People Ban: GA Richmond County

Georgia Richmond County Update…

Cigar Retailers Counter Richmond County Endorsement of Proposed Extension of State Smoking Ban
PRWEB.COM Newswire
Augusta, GA (PRWEB) August 01, 2011
Some Richmond County officials have joined with certain prohibitionist groups to urge extension of the state’s smoking ban to include bars and restaurants in the Greater August area. The International Premium Cigar & Pipe Retailers Association, based in Columbus, Georgia disagrees with the proposed extension.
Advocates of the ban extension say they are pressing the move in Augusta now and that other cities in Georgia, e.g. Macon and Atlanta, are their next targets.
“There are as many examples across the United States of cities and counties loosening their smoking bans as there are those tightening them,” said Chris McCalla, legislative director of the IPCPR. “They are finding that legislated smoking bans are unnecessary, they inhibit economic growth, and health issue like secondhand smoke are seriously overstated by the prohibitionists.”
McCalla says business owners have the inherent right to decide for themselves whether or not their establishments should be smoke free or not. He said legislated smoking bans are based on the misplaced motivations of local and state lawmakers and regulators.
“Prohibitionists are not bad people. They just don’t have their facts straight and not enough people challenge their misstatements. For example, they said smoking bans don’t hurt businesses. The fact is that smoking bans cost jobs, tax revenues and economic growth in the communities where they are in effect. No less authority than the Federal Reserve Bank, using data from the U.S. Bureau of Labor Statistics, is on record showing that smoking bans cost jobs and hurt businesses while putting them at a disadvantage to other competing businesses in surrounding areas,” McCalla said.
“Then there are the health claims, like there are no safe levels of secondhand smoke and the 2006 Surgeon General’s Report which has been discredited by the Occupational Safety and Health Administration – OSHA – a division of the United States’ Department of Labor. OSHA has, indeed, set safe levels for secondhand smoke and they are 25,000 times higher than the air quality found in most bars and restaurants that permit smoking,” he said.
“When government takes away from restaurant and other business owners their right to decide how to run their businesses, it is exceeding its authority and is attacking the rights of smokers and non-smokers, alike,” he said.
According to McCalla, many of the IPCPR’s retail members sell their premium tobacco products to restaurants and bars who, in turn, sell them to their customers.
“To ban smoking in Richmond County restaurants and bars will severely reduce these sales which will translate into reduced excise, sales, and income tax revenues for greater Augusta and the entire state of Georgia,” he said.
Tony Tortorici

Richmond County Board of Health endorses extended smoking ban

July 12, 2011
By Tom Corwin, Staff Writer

The Richmond County Board of Health voted unanimously Tuesday night to endorse a tougher smoking ordinance and to approach the Augusta Commission about enacting a stricter standard.

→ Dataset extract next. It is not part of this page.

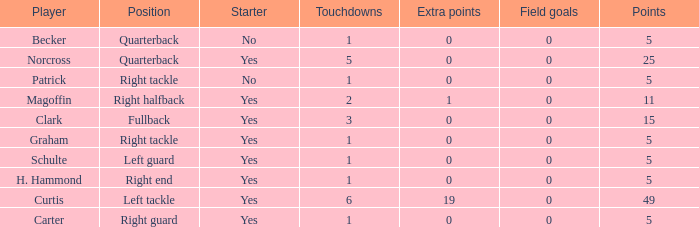Name the most touchdowns for becker  1.0. 
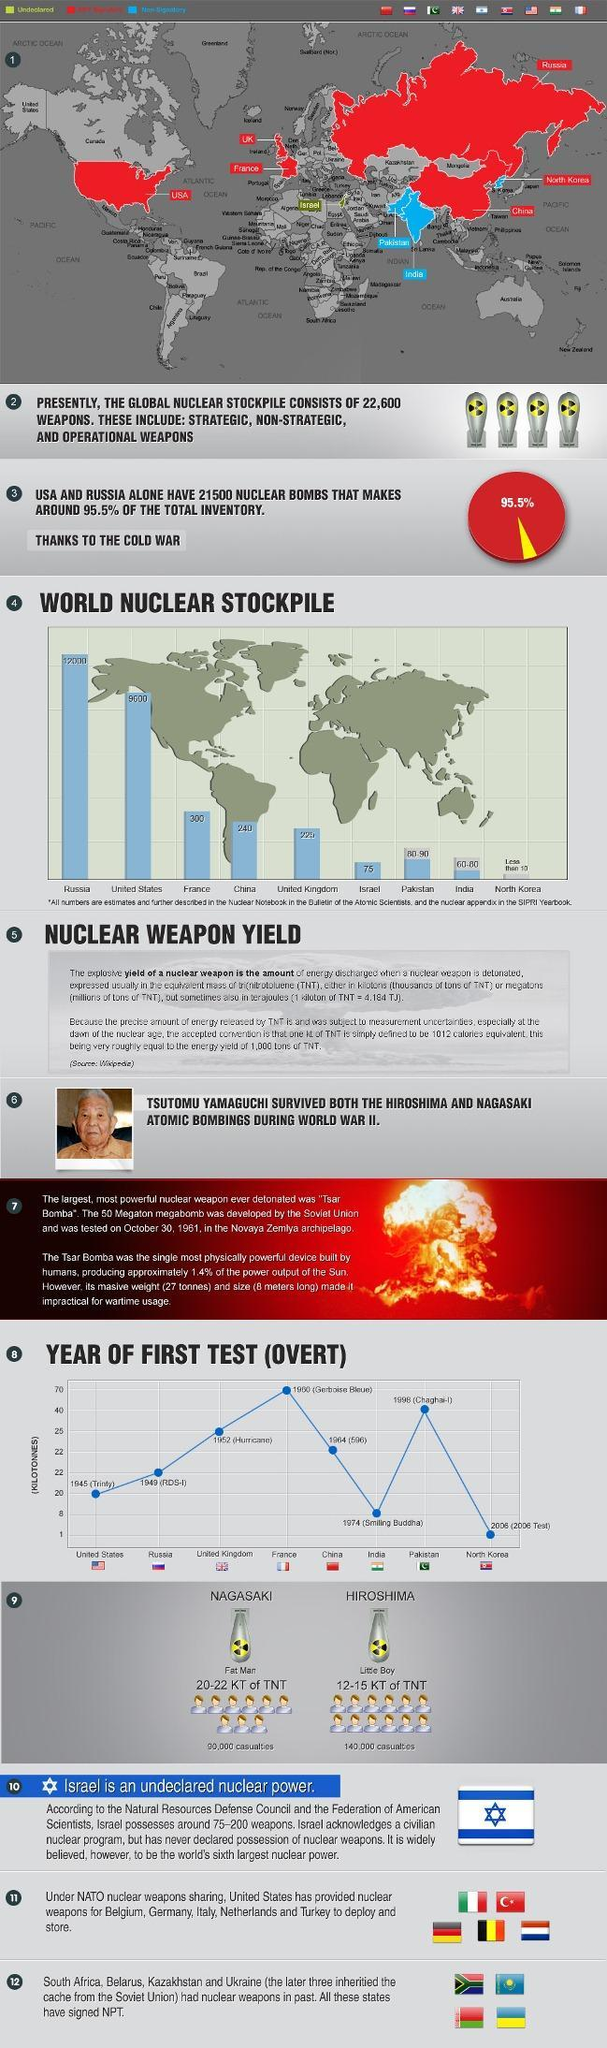Which was the first nuclear test of US and when was it conducted?
Answer the question with a short phrase. Trinity, 1945 How many casualties were there in Hiroshima? 140,000 Which type of atom bomb was used in Hiroshima? Little boy Who holds more nuclear weapons, India or Pakistan? Pakistan Which was UK's first nuclear test and when was it conducted? Hurricane, 1952 How many nuclear weapons does Russia have? 12,000 Which country holds undeclared nuclear weapons? Israel How many kilo tons of TNT was little boy? 12-15 How many nuclear weapons does US hold? 9000 Which country is the world's 6th largest nuclear power? Israel What was the length of Tsar Bomba? 8 metres What was the weight of Tsar Bomba? 27 tonnes How many kilotons of TNT was fat man? 20-22 What is the total stock of nuclear weapons in the world? 22,600 How many casualties were there in Nagasaki? 90,000 Which type of atom bomb was used in Nagasaki? Fat man Which two features of Tsar Bomba, made it difficult to be used for war? Massive weight, size Who has more nuclear weapons, the US or Russia? Russia Which was India's first nuclear test and when was it conducted? Smiling Buddha, 1974 Who holds more nuclear weapons, China or India? China Which were the two types of bombs produced? Fat man, little boy

Currently, the city is under state law, which bans smoking in public places but allows it in bars and restaurants that do not serve anyone younger than 18, said Sadie Stockton, a chronic disease prevention/health promotion program coordinator for the East Central Health District, based in Augusta.

Advocates such as the American Cancer Society have formed a coalition that is targeting the state’s larger cities to extend the ban to those businesses, said Lora Hawk, Breathe Easy Coalition manager for the cancer society.

Augusta was chosen “because you’re already so health-minded,” she said, with strong health care employment. The coalition is also targeting Macon and eventually Atlanta, Hawk said.

Savannah, Buena Vista and Morrow in Georgia and Aiken, North Augusta and Aiken County in South Carolina are listed as smoke-free in bars and restaurants by American Nonsmokers’ Rights Foundation. Outside of 25 states and territories that have smoke-free laws, 468 cities and counties have adopted smoke-free ordinances as of July 1, the group said.

In 2005, Columbia County banned smoking in public buildings, except private clubs, retail tobacco stores and certain outdoor areas. It extended the prohibition last month to outdoor areas of most county-owned properties.

In its model legislation, the coalition cites studies on the dangers of secondhand smoke, including the 2006 U.S. surgeon general’s report that found there is no risk-free level of exposure to secondhand smoke.

Businesses might have to endure a little bit of a burden from a stronger ordinance, “but in the long run they will see the benefit,” said Clifton Dennis, a respiratory therapist at Medical College of Georgia Hospital and Clinics and chairman of the CSRA Asthma Coalition.

There was a clamor from restaurants and bar owners in previous attempts to pass a stronger ordinance. A telephone survey of 828 Richmond County residents by the University of Georgia in March and April found that 82 percent think smoking should not be allowed in an indoor workplace, 78 percent think it should not be allowed in restaurants and 45 percent think it should not be allowed in bars or clubs.